+++ Provided data +++

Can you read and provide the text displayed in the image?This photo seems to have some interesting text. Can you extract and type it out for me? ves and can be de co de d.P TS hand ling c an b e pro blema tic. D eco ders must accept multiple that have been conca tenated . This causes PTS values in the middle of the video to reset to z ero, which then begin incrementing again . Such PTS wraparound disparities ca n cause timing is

+++
+++ Provided data +++

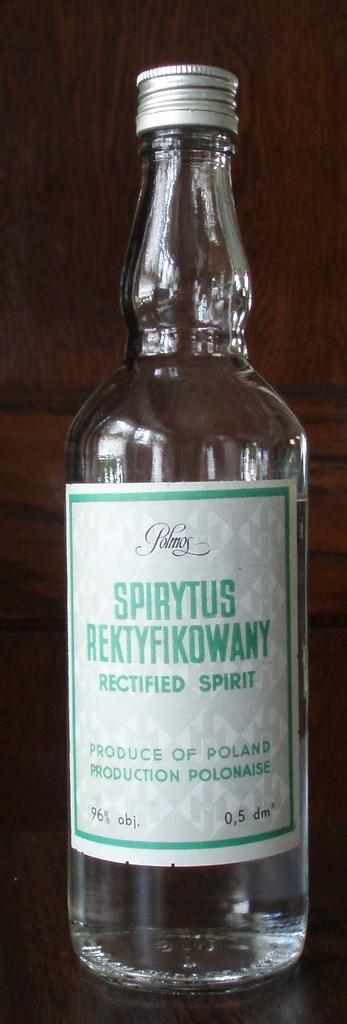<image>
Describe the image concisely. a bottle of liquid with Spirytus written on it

+++
+++ Provided data +++

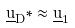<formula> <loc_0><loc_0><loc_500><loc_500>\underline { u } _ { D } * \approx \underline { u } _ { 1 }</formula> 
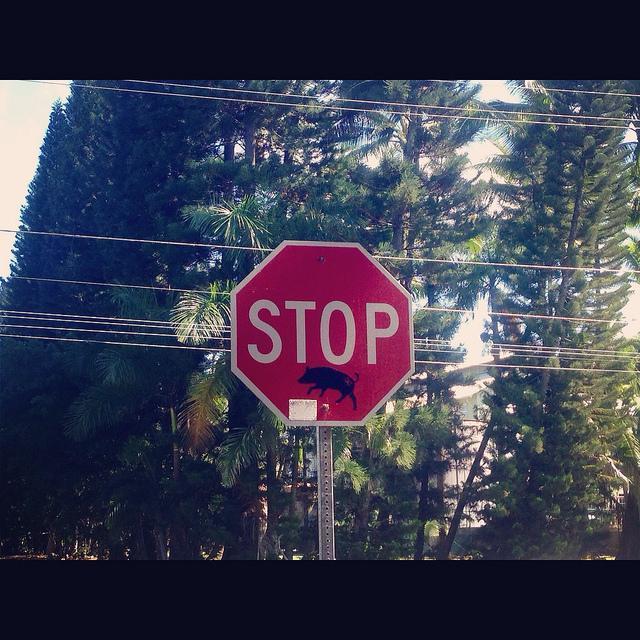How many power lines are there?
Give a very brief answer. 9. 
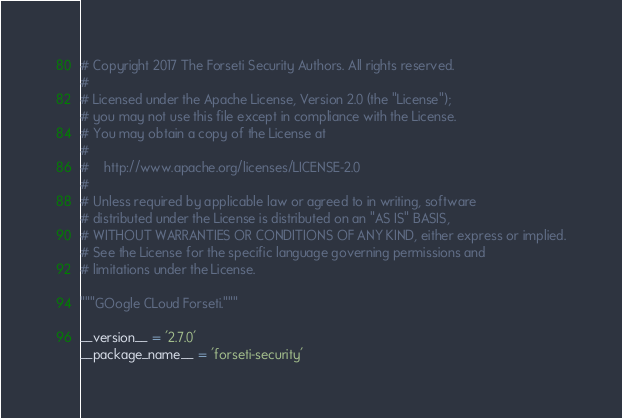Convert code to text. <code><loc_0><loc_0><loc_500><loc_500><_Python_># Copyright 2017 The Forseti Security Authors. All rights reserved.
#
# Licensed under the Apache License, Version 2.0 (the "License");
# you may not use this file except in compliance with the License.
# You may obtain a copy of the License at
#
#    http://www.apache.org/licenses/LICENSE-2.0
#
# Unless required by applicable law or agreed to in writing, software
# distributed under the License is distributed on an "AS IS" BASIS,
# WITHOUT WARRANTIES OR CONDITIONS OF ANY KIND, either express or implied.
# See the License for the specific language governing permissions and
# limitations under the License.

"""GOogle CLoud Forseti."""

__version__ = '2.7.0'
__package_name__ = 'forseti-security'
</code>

+++

Set the pictures aside and retype exactly the lines above from the line with "Give a very brief answer. 9." to the line with "# WITHOUT WARRANTIES", both included, adding no others.

• [Your response]
Give a very brief answer. 9. 
Convert code to text. <code><loc_0><loc_0><loc_500><loc_500><_Python_># Copyright 2017 The Forseti Security Authors. All rights reserved.
#
# Licensed under the Apache License, Version 2.0 (the "License");
# you may not use this file except in compliance with the License.
# You may obtain a copy of the License at
#
#    http://www.apache.org/licenses/LICENSE-2.0
#
# Unless required by applicable law or agreed to in writing, software
# distributed under the License is distributed on an "AS IS" BASIS,
# WITHOUT WARRANTIES OR CONDITIONS OF ANY KIND, either express or implied.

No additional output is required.